DUMBO orchid man hides behind his plants
By Ariella Cohen
The Brooklyn Papers
DUMBO artists are certainly an endangered species these days —
but now one man is fighting eviction by claiming protection under the
federal Endangered Species Act.
Steve Ludlum, a painter, photographer and amateur botanist, isn’t
seeking the federal protection for himself, but for the nearly 1,000
species of imported orchids that he raises in his third-floor hothouse.
He may be onto something: Some of his orchids are classified as “endangered”
under international law.
The owner of the former soap factory under the Manhattan Bridge wants
to flatten the building to build a 10-story loft-style condo tower.
“Me and my plants aren’t going to take the bullet so a developer
can make money,” said Ludlum, standing in the humid, man-made
ecosystem he has spent $100,000 building.
“The last landlord didn’t mind. He thought the whole thing
was neat.”
Ludlum’s orchids fill a room the size of a studio apartment. Five
ceiling fans and a ventilation system regulate the temperature. A hand-rigged
irrigation system pipes water to the plants, sending earthy runoff to
a drain behind the building.
Last week, the unassuming botanist — a regular on the orchid circuit
— filed a lawsuit against his landlord in federal court, charging
that his eviction would “result in [the] loss of endangered species”
and violate laws protecting his threatened Phragipedium and Paphiopedilum
“ladyslipper” orchids.
“Orchid plants are habitat-specific,” he charged in court
papers. “Removal from their current location, which is a necessary
and required controlled environment, shall constitute a taking of the
protected orchid plant.”
Ludlum said the building’s current owner, identified in city documents
as Henry Kotowitz, would welcome his quiet enterprise were it not for
the fact that a condo conversion would be so lucretive.
Neither Kotowitz nor his lawyer returned phone calls from The Brooklyn
Papers.
The case is the first of its kind, but wildlife experts said that Ludlum
will face problems proving that his imported flora require protection
from the feds.
Federal law protects endangered species from “take” or “harm”
— terms that can include eviction — but the law only applies
to plants protected under state jurisdiction, meaning Ludlum would have
better luck if the orchids were native to New York.
“It’s hard to know what kind of [federal] protections there
could be for an international plant,” said Edward Grace, senior
special agent for the Fish and Wildlife Service.
Neighbors know Ludlum as “the orchid man” and recognize
his apartment by the orange glow his high-intensity greenhouse lights
send out of the battered old factory.
His quirky connection to he neighborhood goes beyond his crops.

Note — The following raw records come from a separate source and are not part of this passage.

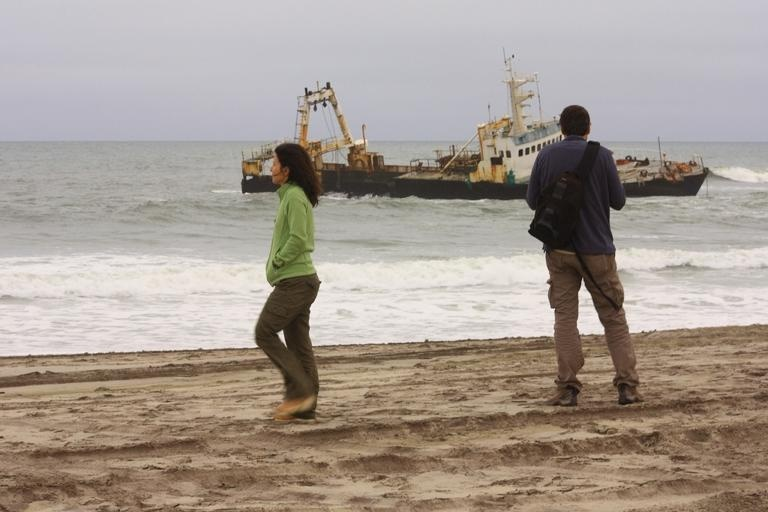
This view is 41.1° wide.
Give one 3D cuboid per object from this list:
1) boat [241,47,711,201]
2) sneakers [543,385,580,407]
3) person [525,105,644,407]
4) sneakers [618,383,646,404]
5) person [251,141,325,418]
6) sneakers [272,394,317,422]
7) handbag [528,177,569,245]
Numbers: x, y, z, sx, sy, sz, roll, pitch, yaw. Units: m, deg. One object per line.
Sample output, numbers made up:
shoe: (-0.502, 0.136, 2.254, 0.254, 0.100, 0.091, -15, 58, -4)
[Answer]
boat: (3.334, -4.492, 37.939, 17.549, 4.772, 3.117, 2, 17, 23)
sneakers: (1.892, 1.469, 10.723, 0.439, 0.235, 0.161, 1, 0, 9)
person: (2.086, -0.019, 10.733, 1.133, 3.080, 0.824, -1, 12, 7)
sneakers: (2.564, 1.445, 10.739, 0.139, 0.208, 0.354, 2, 8, 37)
person: (-0.985, 0.235, 10.697, 0.755, 2.829, 0.854, -3, 12, -4)
sneakers: (-0.904, 1.578, 10.596, 0.556, 0.191, 0.184, 1, 3, -11)
handbag: (1.710, -0.461, 10.675, 0.397, 0.733, 0.221, 0, 12, 9)
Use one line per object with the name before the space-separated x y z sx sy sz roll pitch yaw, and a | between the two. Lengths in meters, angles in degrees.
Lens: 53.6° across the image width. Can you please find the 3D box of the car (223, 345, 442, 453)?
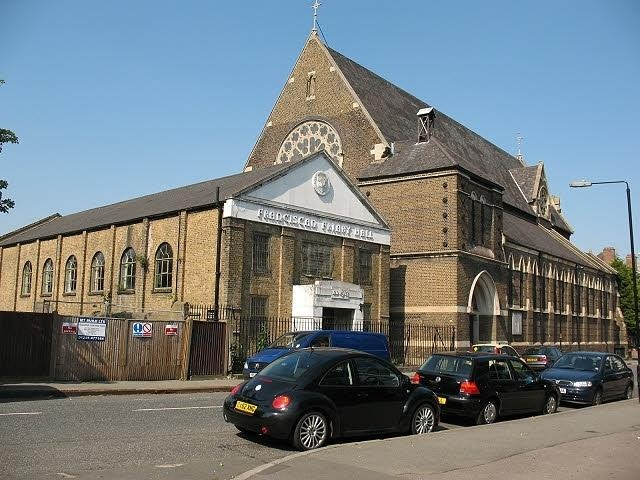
car | 0.233 3.236 13.780 3.731 1.501 2.128 3 -5 -33
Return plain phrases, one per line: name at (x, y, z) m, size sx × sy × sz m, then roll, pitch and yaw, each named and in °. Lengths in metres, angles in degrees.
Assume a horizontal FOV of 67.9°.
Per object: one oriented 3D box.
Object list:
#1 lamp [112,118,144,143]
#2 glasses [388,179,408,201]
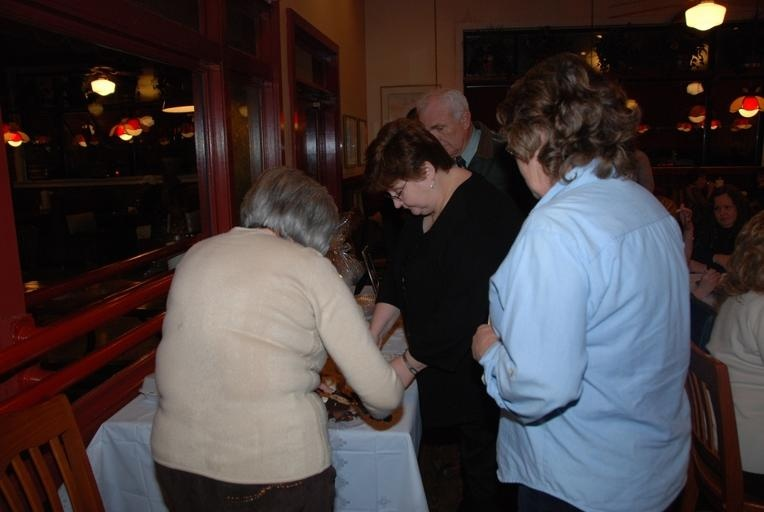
lamp at (-1.804, -0.899, 4.013) m, size 0.153 × 0.079 × 0.163 m, roll -8°, pitch 7°, yaw -33°
glasses at (0.065, -0.274, 2.321) m, size 0.021 × 0.070 × 0.066 m, roll 39°, pitch -22°, yaw -16°
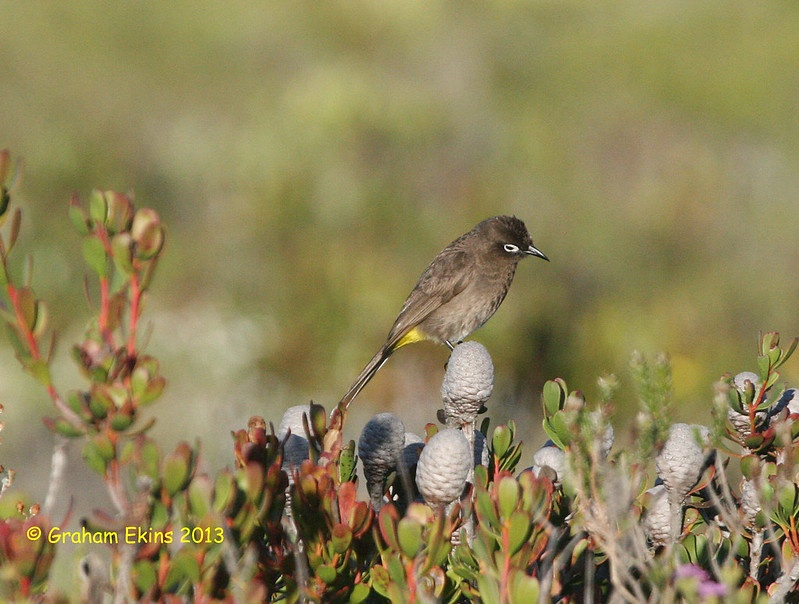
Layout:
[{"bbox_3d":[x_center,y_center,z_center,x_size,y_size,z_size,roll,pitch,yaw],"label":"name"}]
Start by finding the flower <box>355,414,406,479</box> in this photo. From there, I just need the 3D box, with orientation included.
[{"bbox_3d":[-0.058,0.508,3.970,0.190,0.213,0.166,4,-19,-12],"label":"flower"}]

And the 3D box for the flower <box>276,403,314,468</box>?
[{"bbox_3d":[-0.394,0.481,4.014,0.112,0.233,0.080,-2,-13,11],"label":"flower"}]

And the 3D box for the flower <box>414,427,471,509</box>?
[{"bbox_3d":[0.151,0.569,3.759,0.170,0.256,0.190,9,-21,-26],"label":"flower"}]

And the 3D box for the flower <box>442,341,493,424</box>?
[{"bbox_3d":[0.252,0.299,4.089,0.188,0.320,0.189,-1,-19,2],"label":"flower"}]

Ludlum was in DUMBO on 9-11, and, as he watched the World Trade Center
collapse, took a photograph that ended up on the cover of The New York
Times and won him a Pulitzer Prize.
If his endangered species lawsuit doesn’t work, Ludlum has a fallback
plan: He’s also planning to sue Kotowitz on the grounds that the
plans he’s filed with the Department of Buildings show a development
that is larger than the law allows.
Kotowitz’s architect, Robert Scarano, is currently under investigation
for allegedly ignoring such zoning rules.